If you use the third-party UrlKit, you have to set up a set of "rules" that map the components to the URL and vice-versa. It makes it easier to create more readable and hierarchical fragments like "#view=Shipping;details" or "#/Shipping/details=true". There's some extra work in figuring out the rules, but then you don't need to write methods like updateURL and parseURL as that functionality is contained in the rules.
Supported Browsers
The BrowserManager works by talking to Javascript in the HTML wrapper. Not every browser works the same way so there is Javascript for specific to each browser in the wrapper. Not every browser is supported. Right now we have tested support for:
- Internet Explorer 6 & 7 on Windows
- Firefox on Mac and Windows
- Safari on Mac
We've been unable to get good support in Opera for back button, and thus Opera is not officially supported. You can pass in a fragment on the URL and it will get passed to the BrowserManager correctly, however. We do not support any other browser not listed in this section.
Known Issues
- SDK-9722 DeepLinking behaves oddly when using named anchors in an HTML page.

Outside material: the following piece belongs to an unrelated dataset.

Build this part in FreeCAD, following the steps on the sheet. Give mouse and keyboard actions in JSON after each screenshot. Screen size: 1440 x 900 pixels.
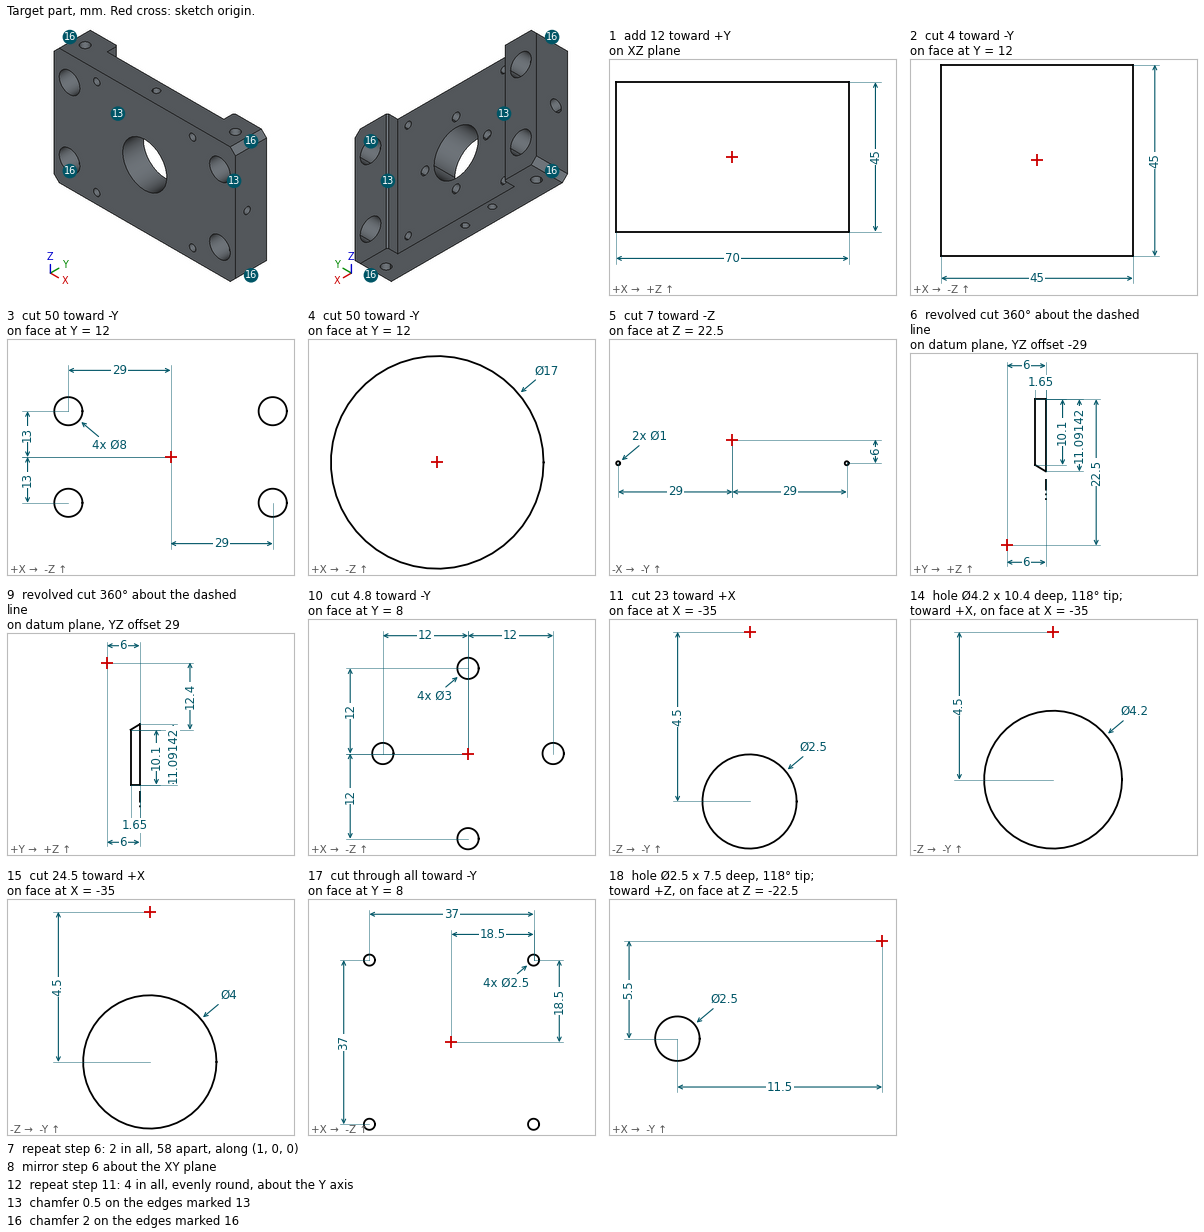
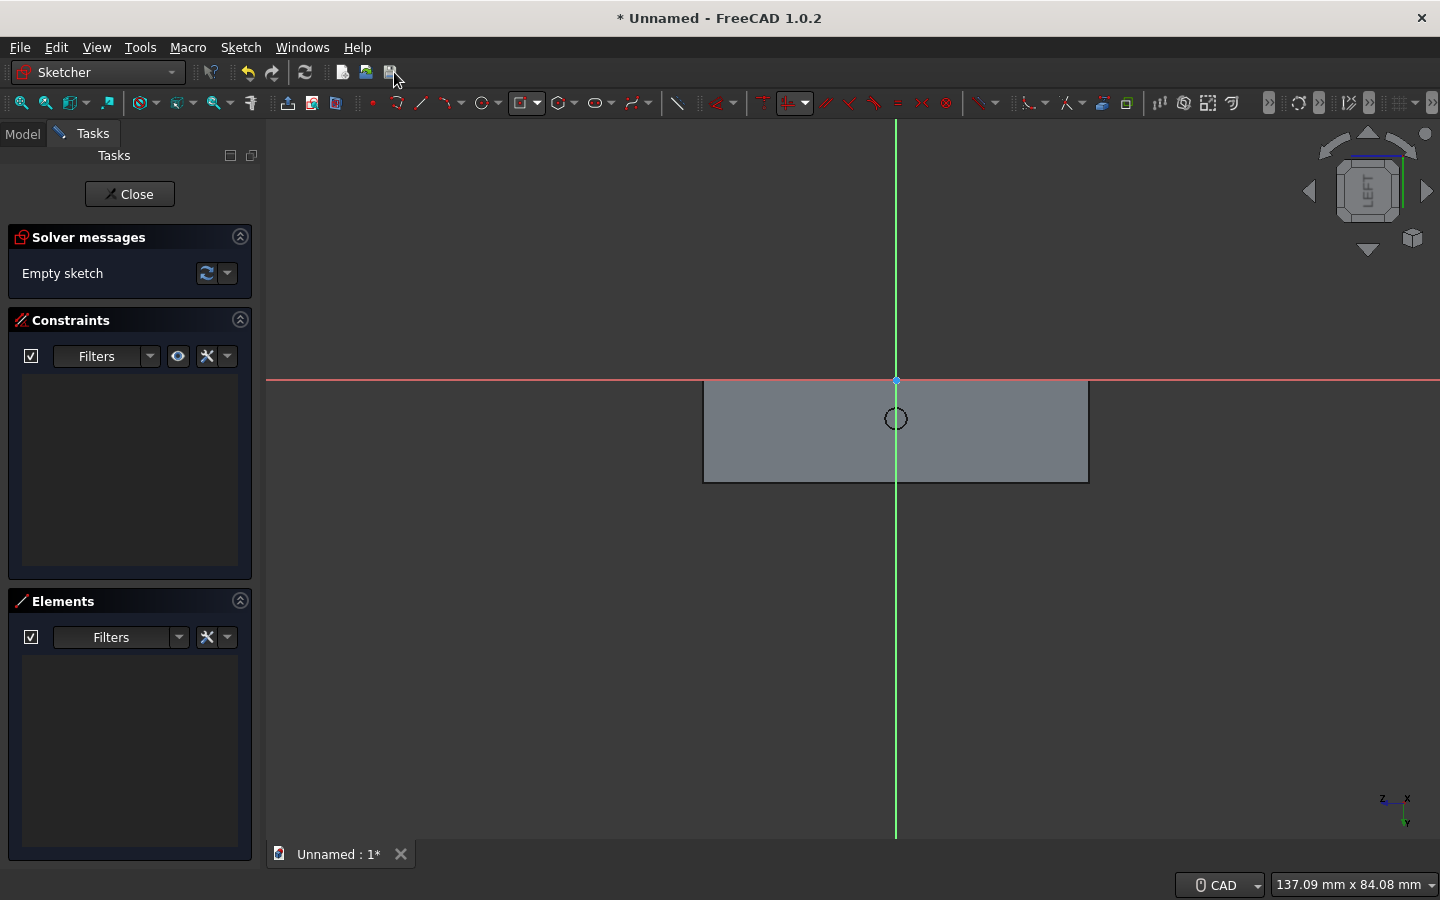
{"action": "scroll", "coordinate": [910, 400], "scroll_direction": "up", "scroll_amount": 11}

- SDK-9632 Currently, DeepLinking support for Opera is limited. You can copy & paste an url into Opera and the application should start in the appropriate state, but the url is not subsequently updated with additional navigation.
- SDK-1902 After editing the application URL in the Firefox, subsequent user navigation will not automatically update the URL shown in Firefox. To update the URL, highlight the address bar in Firefox and press the esc key. The URL should update to the appropriate URL.
- SDK-11196 The text in historyFrame.html has extraneous debug text. This will be fixed in the next release.
- SDK-11033 The copyToAddressBar flag for the setFragment function will be removed in the next release.
- Setting the title in setFragment does not change the BrowserManager title property
- The API documentation for IBrowserManager is missing. Refer to the mx.managers.BrowserManagerImpl documentation for now.